Digest: Tell me about some of the items that fans can bid on.

 Lucci: There are gowns that I have worn to Emmys. There is the white sofa that was in my ALL MY CHILDREN dressing room in New York, and I loved it so much I had it moved to L.A., so it was in my dressing room in Los Angeles, and we moved it back again because I loved it, but my husband convinced me that it should go on the auction.  My husband convinced me to put the ivory sofa on the auction block, and I convinced him to get rid of his collection of beer steins [laughs]! That’s a beautiful sofa in great condition with a lot of memories attached. I studied my scripts on that sofa, I took five-minute power naps lying perfectly still in Dolce & Gabbana cocktail dresses in my dressing room at ALL MY CHILDREN, I just have great, great — oh my goodness, emotional attachment to it. There really are stories to so many things. There’s a gold lamé [piece], it looks like a jumpsuit, but it’s two pieces and it’s a very soft, drapey, gold lamé that I wore the night that I got to meet Sammy Davis, Jr., Frank Sinatra, Dean Martin and Shirley MacLaine. There’s actually a picture of that meeting in my book, and so that meant a lot to me. That was quite an evening for me, having admired them all so much. There’s the black straw hat that I wore at the Kentucky Derby when I sat in the box with Queen Elizabeth and Prince Philip. You know, things that really mean a lot to me. There’s a beautiful red, tweed Chanel suit. It was the first designer piece of clothing that I had purchased ever. I had never been in Chanel, but I was shooting the last season of DALLAS in Paris, and I went to Chanel and asked the saleswoman when I saw it if she could hold it until my husband came with me later this afternoon to see what he thought, and as the saleswoman moved away to take the suit to be held in the back, she revealed that Sophia Loren was sitting in the chair behind her, and I had grown up — Sophia Loren was who I idolized, so there are lots of emotional attachments and stories for so much of what we’re putting up for auction.

 

Digest:Was there any bittersweetness to preparing to part ways with some of these really storied items? Did you have to be emotionally ready? 

Lucci: Yes, for me it was definitely a process, and it was a couple of years in the making. I had been wanting to do this, but not able to do it. I was just completely overwhelmed at the thought of doing it, and the emotional attachment was part of that. It was wonderful to revisit some of the things, but I was ready at that point. I was ready, and there are certain things that I have kept that at a later date I can think about whether I want my children to have first access to some of those, but right now, for example, putting the sofa on the auction and the gold lamé that I met Sammy Davis Jr., and Frank Sinatra, and Shirley MacLaine, and Dean Martin in — once I knew that we could raise funds for UCP of New York City, I really got into it more because it is win-win, because this was the perfect way to do it, and we had been searching for the perfect way to do it, and that coupled with the fact that — fabulous fans, you know how loyal they are and passionate they are, and they continue to be just incredible to me, and I value them.
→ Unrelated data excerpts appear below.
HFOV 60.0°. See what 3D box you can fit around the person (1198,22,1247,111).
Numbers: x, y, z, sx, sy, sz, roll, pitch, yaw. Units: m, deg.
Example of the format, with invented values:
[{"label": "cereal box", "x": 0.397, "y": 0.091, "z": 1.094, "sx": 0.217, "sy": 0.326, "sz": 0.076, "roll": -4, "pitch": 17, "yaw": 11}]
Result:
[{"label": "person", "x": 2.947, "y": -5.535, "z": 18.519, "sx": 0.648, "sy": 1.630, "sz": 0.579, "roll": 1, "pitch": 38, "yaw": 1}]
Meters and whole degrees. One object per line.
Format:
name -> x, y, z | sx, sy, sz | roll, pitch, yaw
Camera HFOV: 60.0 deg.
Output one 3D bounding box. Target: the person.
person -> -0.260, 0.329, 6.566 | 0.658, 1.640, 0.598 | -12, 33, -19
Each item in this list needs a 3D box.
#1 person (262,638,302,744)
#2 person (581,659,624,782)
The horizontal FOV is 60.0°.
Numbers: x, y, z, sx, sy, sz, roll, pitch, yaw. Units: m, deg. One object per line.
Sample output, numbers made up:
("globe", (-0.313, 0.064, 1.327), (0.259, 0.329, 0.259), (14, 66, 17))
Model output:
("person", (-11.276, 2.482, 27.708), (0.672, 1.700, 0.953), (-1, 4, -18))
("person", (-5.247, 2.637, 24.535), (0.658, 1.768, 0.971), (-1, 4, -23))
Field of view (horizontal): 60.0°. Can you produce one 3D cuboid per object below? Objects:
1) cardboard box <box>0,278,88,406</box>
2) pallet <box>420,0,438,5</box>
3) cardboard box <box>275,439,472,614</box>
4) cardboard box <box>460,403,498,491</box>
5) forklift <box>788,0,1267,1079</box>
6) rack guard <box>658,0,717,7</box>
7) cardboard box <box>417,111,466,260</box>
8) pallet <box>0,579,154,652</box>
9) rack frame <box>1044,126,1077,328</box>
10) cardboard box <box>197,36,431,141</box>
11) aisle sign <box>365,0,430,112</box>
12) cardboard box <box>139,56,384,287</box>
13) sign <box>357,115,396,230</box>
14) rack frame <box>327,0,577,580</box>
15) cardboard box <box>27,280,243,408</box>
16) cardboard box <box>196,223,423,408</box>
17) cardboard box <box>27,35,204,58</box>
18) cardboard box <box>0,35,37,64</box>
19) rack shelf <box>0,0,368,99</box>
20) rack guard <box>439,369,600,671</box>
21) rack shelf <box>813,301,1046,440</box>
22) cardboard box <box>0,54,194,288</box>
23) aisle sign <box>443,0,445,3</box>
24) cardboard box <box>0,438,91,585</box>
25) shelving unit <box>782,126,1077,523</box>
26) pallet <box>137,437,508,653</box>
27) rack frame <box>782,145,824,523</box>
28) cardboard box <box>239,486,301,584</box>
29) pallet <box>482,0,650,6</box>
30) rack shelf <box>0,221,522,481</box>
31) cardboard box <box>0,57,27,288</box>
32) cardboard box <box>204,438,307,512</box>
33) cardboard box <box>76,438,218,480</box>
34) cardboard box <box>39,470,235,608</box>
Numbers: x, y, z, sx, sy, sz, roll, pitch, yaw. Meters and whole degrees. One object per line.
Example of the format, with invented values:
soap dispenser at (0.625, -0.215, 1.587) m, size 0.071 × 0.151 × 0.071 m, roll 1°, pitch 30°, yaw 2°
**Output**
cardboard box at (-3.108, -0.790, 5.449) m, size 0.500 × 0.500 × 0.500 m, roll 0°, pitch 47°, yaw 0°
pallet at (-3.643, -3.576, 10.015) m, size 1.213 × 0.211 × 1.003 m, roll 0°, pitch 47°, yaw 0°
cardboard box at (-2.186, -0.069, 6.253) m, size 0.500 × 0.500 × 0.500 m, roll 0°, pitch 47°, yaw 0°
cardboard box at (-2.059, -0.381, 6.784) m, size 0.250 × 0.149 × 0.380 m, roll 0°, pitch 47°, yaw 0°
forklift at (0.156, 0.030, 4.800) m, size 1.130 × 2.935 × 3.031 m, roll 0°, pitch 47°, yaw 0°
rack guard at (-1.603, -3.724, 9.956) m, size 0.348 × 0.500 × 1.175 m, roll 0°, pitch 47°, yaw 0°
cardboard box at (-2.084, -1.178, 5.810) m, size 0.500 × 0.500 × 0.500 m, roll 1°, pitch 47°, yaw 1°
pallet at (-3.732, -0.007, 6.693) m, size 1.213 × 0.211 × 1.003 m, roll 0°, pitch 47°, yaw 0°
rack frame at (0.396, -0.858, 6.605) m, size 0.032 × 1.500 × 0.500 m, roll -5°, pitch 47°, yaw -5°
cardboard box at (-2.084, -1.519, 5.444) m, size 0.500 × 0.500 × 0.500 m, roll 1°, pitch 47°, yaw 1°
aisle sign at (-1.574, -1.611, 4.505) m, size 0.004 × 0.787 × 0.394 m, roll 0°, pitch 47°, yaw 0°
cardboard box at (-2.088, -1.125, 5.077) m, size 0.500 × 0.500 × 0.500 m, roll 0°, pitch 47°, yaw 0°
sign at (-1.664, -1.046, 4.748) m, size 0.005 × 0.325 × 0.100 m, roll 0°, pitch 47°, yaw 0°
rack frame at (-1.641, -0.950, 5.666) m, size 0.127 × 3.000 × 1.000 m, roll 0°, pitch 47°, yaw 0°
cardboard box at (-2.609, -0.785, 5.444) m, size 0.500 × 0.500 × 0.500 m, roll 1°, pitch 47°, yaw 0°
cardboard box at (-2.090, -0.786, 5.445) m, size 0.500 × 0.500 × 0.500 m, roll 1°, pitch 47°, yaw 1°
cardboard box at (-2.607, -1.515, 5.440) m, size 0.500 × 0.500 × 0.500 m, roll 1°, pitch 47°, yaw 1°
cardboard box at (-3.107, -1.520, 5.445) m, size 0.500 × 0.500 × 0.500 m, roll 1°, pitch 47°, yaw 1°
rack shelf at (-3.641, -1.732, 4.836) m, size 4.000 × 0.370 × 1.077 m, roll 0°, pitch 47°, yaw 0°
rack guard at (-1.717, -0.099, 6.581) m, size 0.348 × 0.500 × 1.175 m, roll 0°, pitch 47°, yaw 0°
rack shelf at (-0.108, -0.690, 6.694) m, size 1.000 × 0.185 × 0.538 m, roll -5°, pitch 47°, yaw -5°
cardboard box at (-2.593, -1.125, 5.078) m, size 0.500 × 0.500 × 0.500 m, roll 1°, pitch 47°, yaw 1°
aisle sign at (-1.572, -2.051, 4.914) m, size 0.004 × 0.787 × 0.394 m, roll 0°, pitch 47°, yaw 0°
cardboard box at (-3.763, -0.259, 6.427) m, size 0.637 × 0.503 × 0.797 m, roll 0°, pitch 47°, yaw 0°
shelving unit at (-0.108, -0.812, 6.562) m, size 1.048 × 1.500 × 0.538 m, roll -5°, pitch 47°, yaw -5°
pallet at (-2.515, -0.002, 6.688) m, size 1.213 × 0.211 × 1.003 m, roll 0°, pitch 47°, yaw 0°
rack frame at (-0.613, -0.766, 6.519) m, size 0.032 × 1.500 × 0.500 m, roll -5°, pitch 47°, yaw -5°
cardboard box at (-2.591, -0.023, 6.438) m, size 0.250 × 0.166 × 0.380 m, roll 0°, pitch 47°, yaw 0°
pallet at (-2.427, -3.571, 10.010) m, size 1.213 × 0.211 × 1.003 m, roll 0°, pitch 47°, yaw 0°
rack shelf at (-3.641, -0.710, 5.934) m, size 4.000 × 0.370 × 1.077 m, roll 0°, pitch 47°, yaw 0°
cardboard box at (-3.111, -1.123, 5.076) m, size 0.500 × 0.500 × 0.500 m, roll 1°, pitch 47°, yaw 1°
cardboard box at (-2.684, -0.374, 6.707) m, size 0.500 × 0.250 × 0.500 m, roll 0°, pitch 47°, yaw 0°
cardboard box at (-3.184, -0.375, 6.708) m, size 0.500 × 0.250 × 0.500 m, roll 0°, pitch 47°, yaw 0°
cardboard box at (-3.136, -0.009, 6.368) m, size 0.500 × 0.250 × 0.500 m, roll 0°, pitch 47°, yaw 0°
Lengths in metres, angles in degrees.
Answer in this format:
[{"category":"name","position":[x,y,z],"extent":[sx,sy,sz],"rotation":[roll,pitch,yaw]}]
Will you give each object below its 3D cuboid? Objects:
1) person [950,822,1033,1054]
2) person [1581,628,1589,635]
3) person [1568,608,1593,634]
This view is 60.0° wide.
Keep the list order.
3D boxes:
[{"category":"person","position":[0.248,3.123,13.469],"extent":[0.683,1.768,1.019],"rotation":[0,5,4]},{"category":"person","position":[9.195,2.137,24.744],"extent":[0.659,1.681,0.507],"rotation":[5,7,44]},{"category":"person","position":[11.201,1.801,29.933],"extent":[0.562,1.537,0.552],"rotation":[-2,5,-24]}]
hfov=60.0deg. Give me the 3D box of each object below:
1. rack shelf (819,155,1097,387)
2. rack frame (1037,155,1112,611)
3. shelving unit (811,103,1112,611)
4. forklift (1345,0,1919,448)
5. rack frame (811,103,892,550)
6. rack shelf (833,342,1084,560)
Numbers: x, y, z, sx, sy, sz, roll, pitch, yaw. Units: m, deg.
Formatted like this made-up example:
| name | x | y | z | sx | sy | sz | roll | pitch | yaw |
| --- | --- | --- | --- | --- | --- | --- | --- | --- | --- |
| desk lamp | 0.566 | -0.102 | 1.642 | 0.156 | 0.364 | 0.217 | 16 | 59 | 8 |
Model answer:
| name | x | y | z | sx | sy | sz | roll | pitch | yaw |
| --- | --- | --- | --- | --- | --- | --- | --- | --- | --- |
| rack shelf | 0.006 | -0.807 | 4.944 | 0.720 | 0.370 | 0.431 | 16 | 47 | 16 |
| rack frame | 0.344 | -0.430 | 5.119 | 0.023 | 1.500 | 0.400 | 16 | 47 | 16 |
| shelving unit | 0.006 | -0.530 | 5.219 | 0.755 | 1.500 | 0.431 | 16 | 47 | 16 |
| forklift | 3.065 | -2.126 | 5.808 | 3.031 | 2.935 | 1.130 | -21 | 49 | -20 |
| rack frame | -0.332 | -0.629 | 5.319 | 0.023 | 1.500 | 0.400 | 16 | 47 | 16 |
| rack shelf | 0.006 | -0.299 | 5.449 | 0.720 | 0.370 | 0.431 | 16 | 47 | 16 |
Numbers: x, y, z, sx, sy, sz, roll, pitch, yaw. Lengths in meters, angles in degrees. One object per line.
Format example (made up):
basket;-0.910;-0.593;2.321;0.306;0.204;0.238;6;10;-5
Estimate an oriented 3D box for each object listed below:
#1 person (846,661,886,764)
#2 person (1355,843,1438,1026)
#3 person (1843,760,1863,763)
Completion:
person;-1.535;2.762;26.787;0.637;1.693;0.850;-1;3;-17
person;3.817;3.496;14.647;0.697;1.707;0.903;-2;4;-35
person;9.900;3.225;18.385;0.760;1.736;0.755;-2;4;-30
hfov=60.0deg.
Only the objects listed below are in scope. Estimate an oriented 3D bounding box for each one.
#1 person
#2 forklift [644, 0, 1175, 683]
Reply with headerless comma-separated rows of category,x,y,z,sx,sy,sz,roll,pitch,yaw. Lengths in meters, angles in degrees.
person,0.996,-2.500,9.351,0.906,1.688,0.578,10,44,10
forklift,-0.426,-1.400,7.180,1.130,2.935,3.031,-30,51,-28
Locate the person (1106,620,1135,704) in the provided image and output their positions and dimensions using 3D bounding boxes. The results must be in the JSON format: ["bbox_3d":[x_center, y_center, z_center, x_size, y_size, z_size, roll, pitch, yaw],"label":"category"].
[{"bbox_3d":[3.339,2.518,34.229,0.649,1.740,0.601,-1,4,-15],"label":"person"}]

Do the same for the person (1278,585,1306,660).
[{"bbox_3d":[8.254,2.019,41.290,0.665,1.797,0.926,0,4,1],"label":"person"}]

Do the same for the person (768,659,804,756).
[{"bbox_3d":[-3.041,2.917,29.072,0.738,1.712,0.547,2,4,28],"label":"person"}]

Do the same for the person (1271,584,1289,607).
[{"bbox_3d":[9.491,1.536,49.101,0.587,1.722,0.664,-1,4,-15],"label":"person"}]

And to be able to share some of these articles that they may have seen photos of, so much of those things have been photographed, that’s just a win-win-win.

 

Digest: Are any items from Erica’s wardrobe available?

Lucci: Oh, yes. For example, there is a periwinkle blue, delicate lace teddy, and matching robe shorts that I wore as Erica on one of my honeymoons with Adam Chandler that is going to be on there, on the auction. The bidding starts at $1 so that anybody can participate.